### Task to complete
If a line of the data below holds the string "Crash", copy it.

==== Source material

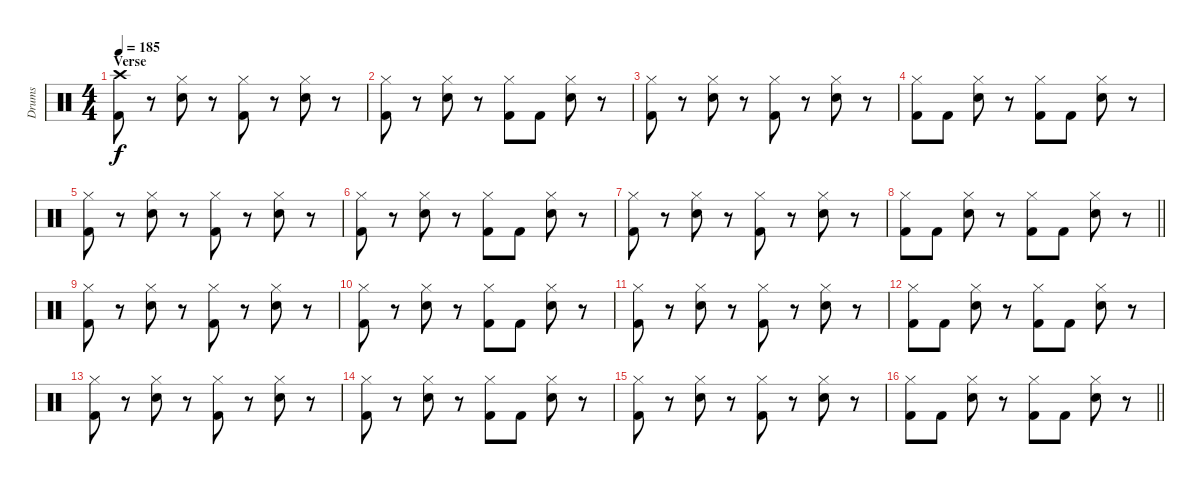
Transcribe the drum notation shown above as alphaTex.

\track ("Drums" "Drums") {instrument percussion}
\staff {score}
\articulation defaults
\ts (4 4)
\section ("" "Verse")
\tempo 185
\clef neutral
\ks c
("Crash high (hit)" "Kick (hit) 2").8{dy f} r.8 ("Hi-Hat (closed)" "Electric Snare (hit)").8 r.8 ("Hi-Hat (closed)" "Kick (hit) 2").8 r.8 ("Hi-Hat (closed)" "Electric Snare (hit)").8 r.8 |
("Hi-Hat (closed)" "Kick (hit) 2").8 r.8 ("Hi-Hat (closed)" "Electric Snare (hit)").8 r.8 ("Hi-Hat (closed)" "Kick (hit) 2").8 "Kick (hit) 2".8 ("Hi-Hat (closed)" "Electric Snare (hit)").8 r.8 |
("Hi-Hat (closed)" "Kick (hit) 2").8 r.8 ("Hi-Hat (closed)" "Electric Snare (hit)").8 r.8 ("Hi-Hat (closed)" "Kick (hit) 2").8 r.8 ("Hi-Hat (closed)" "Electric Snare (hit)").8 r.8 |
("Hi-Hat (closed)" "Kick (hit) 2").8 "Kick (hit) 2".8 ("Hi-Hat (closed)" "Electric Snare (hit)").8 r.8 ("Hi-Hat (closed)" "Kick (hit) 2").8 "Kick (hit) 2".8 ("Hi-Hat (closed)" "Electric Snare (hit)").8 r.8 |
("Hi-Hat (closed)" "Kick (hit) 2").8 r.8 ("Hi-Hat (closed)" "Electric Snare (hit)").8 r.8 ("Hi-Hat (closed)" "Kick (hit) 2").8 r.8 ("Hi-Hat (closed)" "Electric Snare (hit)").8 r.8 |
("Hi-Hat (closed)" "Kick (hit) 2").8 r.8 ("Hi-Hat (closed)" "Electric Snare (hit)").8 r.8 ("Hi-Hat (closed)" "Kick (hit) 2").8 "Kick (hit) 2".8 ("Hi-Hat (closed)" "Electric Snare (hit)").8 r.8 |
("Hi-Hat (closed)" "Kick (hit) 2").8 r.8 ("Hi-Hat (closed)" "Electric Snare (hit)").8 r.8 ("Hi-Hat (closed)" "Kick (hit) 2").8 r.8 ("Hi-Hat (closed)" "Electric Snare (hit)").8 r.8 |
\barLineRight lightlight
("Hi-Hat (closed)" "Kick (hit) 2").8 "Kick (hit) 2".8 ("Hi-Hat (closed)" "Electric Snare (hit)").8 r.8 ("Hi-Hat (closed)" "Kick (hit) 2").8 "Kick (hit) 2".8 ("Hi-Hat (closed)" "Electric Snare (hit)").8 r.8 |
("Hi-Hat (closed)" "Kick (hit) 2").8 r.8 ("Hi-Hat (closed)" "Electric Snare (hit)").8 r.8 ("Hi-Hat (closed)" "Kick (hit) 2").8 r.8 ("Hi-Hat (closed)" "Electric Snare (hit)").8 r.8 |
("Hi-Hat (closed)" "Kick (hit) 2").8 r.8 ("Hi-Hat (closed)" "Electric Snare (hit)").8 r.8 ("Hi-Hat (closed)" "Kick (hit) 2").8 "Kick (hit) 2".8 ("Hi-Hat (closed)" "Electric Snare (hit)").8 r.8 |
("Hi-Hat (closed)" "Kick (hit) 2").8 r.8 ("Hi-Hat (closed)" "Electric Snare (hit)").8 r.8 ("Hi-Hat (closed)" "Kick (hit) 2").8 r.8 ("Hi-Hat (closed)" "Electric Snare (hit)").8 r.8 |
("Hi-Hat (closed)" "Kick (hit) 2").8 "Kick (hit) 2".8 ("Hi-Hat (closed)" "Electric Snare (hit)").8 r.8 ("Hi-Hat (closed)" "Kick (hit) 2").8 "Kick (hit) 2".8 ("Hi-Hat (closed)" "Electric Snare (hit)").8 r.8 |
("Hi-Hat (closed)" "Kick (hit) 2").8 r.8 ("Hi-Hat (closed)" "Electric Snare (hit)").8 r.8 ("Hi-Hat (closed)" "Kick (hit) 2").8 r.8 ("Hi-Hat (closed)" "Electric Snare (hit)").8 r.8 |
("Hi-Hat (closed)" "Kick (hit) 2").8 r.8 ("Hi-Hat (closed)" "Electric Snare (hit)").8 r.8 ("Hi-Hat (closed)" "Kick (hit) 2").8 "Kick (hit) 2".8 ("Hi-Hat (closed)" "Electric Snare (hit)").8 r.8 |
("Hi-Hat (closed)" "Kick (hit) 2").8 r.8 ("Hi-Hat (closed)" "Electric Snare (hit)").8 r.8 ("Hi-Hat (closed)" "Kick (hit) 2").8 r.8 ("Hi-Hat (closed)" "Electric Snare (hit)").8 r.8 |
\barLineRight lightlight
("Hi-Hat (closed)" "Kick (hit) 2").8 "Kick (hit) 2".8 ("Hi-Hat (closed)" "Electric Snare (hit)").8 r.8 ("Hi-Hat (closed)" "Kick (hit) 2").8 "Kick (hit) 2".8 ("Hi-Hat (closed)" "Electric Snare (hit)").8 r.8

========
==== Source material

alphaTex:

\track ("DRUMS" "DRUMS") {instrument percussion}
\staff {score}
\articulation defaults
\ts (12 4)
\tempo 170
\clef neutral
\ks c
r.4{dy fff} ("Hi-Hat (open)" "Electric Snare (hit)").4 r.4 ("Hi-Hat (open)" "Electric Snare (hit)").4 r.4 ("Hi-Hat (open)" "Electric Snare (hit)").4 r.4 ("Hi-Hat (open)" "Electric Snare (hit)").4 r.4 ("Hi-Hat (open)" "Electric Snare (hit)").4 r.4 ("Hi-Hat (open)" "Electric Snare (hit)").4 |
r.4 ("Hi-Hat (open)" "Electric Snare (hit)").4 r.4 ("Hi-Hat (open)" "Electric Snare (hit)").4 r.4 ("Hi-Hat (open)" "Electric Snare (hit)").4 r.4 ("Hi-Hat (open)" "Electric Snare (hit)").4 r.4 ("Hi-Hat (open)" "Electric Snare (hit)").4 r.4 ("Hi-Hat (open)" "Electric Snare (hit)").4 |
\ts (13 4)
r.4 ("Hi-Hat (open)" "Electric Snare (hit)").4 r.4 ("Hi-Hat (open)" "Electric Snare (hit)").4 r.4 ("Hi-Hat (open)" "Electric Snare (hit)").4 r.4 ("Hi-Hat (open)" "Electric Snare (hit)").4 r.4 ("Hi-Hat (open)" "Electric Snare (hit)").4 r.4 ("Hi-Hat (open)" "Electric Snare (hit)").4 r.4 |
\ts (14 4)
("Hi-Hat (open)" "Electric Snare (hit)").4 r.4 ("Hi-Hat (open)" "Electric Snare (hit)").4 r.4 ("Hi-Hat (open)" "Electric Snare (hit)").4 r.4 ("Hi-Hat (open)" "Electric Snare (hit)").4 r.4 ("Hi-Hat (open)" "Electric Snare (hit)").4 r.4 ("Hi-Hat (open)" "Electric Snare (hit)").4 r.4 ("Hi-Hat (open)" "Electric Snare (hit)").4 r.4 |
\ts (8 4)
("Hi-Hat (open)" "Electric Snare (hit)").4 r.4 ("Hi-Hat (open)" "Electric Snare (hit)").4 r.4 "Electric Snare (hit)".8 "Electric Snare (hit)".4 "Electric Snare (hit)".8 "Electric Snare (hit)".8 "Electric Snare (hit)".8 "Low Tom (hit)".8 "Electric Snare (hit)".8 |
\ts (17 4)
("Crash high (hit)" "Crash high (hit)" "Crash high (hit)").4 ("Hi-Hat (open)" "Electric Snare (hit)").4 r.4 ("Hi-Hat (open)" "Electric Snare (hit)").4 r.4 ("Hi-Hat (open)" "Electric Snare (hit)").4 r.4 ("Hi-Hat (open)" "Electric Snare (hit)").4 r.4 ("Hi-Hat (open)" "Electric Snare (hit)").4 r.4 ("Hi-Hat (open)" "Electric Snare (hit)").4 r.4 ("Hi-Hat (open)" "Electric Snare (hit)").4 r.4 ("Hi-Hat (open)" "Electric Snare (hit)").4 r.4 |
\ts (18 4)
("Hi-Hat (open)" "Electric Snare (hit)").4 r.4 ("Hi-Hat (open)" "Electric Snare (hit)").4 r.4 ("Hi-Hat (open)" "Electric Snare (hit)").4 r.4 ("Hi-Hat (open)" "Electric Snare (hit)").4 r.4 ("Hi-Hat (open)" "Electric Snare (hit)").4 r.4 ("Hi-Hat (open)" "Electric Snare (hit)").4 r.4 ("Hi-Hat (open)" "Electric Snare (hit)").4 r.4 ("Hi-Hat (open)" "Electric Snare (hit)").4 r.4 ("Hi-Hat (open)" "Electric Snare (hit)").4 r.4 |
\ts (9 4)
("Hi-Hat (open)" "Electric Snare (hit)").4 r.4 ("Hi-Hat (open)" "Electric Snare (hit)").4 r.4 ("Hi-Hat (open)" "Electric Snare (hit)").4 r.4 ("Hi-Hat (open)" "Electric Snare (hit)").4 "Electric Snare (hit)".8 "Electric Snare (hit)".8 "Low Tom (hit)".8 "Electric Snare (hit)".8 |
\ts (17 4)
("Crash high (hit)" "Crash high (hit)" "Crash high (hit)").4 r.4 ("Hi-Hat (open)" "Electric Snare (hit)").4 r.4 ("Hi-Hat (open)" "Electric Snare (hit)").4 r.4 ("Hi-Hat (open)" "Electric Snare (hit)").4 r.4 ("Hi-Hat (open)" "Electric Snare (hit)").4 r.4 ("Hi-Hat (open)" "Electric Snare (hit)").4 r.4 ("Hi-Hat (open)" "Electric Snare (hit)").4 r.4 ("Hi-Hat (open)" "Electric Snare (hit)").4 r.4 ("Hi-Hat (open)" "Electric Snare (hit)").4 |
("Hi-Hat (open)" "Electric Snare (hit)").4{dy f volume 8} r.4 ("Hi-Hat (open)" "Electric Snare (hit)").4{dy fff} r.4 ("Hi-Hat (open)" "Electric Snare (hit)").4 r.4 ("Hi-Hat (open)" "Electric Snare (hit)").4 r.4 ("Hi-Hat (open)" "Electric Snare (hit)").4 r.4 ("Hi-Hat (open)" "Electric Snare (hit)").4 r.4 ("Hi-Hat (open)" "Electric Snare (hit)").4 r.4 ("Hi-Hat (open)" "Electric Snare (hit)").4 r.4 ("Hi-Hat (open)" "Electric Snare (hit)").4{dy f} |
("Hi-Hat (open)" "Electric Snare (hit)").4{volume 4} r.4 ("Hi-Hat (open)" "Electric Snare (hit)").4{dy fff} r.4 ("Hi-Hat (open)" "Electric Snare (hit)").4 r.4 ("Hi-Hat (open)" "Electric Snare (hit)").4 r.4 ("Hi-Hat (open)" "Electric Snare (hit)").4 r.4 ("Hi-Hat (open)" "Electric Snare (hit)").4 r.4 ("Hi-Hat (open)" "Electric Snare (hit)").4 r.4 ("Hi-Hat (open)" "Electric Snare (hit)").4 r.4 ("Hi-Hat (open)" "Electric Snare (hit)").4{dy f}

========

### Solution to the exercise
("Crash high (hit)" "Kick (hit) 2").8{dy f} r.8 ("Hi-Hat (closed)" "Electric Snare (hit)").8 r.8 ("Hi-Hat (closed)" "Kick (hit) 2").8 r.8 ("Hi-Hat (closed)" "Electric Snare (hit)").8 r.8 |
("Crash high (hit)" "Crash high (hit)" "Crash high (hit)").4 ("Hi-Hat (open)" "Electric Snare (hit)").4 r.4 ("Hi-Hat (open)" "Electric Snare (hit)").4 r.4 ("Hi-Hat (open)" "Electric Snare (hit)").4 r.4 ("Hi-Hat (open)" "Electric Snare (hit)").4 r.4 ("Hi-Hat (open)" "Electric Snare (hit)").4 r.4 ("Hi-Hat (open)" "Electric Snare (hit)").4 r.4 ("Hi-Hat (open)" "Electric Snare (hit)").4 r.4 ("Hi-Hat (open)" "Electric Snare (hit)").4 r.4 |
("Crash high (hit)" "Crash high (hit)" "Crash high (hit)").4 r.4 ("Hi-Hat (open)" "Electric Snare (hit)").4 r.4 ("Hi-Hat (open)" "Electric Snare (hit)").4 r.4 ("Hi-Hat (open)" "Electric Snare (hit)").4 r.4 ("Hi-Hat (open)" "Electric Snare (hit)").4 r.4 ("Hi-Hat (open)" "Electric Snare (hit)").4 r.4 ("Hi-Hat (open)" "Electric Snare (hit)").4 r.4 ("Hi-Hat (open)" "Electric Snare (hit)").4 r.4 ("Hi-Hat (open)" "Electric Snare (hit)").4 |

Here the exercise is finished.